To answer this question, we need to consider the horizontal and vertical motion separately. Let's start by calculating the time it takes for the tomato to reach its highest point.
The vertical motion of the tomato follows a projectile motion, where the only force acting on it is gravity. The initial vertical velocity is 14.9 m/s (upwards), and the acceleration due to gravity is 9.8 m/s^2 (downwards). We can use the formula Vf = Vi + at to find the time it takes to reach the highest point.

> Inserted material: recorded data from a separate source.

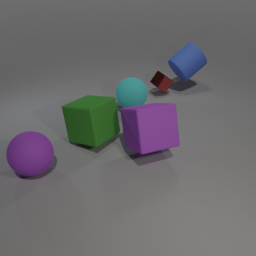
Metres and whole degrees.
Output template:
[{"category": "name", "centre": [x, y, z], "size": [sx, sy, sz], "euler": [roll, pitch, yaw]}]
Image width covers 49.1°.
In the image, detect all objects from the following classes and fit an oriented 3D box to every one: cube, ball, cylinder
[{"category": "cube", "centre": [1.675, -2.305, 13.955], "size": [0.700, 0.700, 0.700], "euler": [24, 17, -44]}, {"category": "ball", "centre": [0.157, -1.512, 12.332], "size": [1.400, 1.400, 1.400], "euler": [0, 31, 0]}, {"category": "cylinder", "centre": [2.998, -3.325, 14.161], "size": [1.400, 1.400, 1.400], "euler": [-41, 37, 2]}, {"category": "cube", "centre": [-1.309, -0.304, 10.170], "size": [1.400, 1.400, 1.400], "euler": [8, 27, 34]}, {"category": "ball", "centre": [-3.032, 0.796, 8.722], "size": [1.400, 1.400, 1.400], "euler": [0, 31, 0]}, {"category": "cube", "centre": [0.705, -0.043, 9.306], "size": [1.400, 1.400, 1.400], "euler": [-11, 9, -21]}]

Vf = 0 m/s (at the highest point)
Vi = 14.9 m/s
a = -9.8 m/s^2
0 = 14.9 - 9.8t
Solving for t, we find t = 1.52 s.
Now, let's consider the horizontal motion. The car is moving at a constant velocity of 22.7 m/s due east. This means that while the tomato is in the air, it will continue to move horizontally with the same velocity as the car.
The horizontal distance covered by the car can be calculated by multiplying the car's velocity by the time it takes for the tomato to reach its highest point:
Distance = Velocity x Time
= 22.7 m/s x 1.52 s
Calculating the distance, we find that the car has moved approximately 34.56 meters when you get a chance to catch the tomato.